ABN 97 008 045 083‌‌

Notice of General Meeting and Explanatory Memorandum to Shareholders

Date of Meeting Friday 13 January 2017Time of Meeting

10:30 am (WST)

Place of Meeting

702 Murray Street, West Perth WA 6005

A Proxy Form is enclosed

Please read this Notice and Explanatory Memorandum carefully.

If you are unable to attend the General Meeting please complete and return the enclosed Proxy Form in accordance with the specified directions.

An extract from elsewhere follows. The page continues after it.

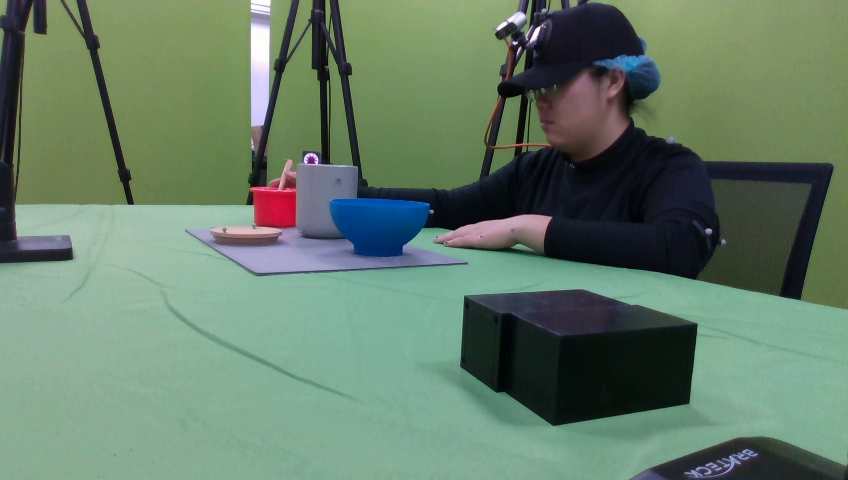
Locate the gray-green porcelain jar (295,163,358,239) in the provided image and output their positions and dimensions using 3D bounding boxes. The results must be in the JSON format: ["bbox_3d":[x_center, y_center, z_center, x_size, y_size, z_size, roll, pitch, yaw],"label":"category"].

Resource Mining Corporation Limited ABN 97 008 045 083 Notice of General Meeting

Notice is given that a General Meeting of Shareholders of Resource Mining Corporation Limited ABN 97 008 045 083 (Company) will be held at 702 Murray Street, West Perth WA 6005 on Friday 13 January 2017 at 10:30 am (WST) for the purpose of transacting the following business referred to in this Notice of General Meeting.

Agenda

1 Resolution 1 - Approval to amend Convertible Notes held by Sinom (Hong Kong) Limited

To consider and, if thought fit, to pass the following resolution as an ordinary resolution:

"That, for the purposes of Listing Rule 10.11 and for all other purposes, the Convertible Notes held by Sinom (Hong Kong) Limited be amended on the terms set out the Explanatory Memorandum (including Annexure A)."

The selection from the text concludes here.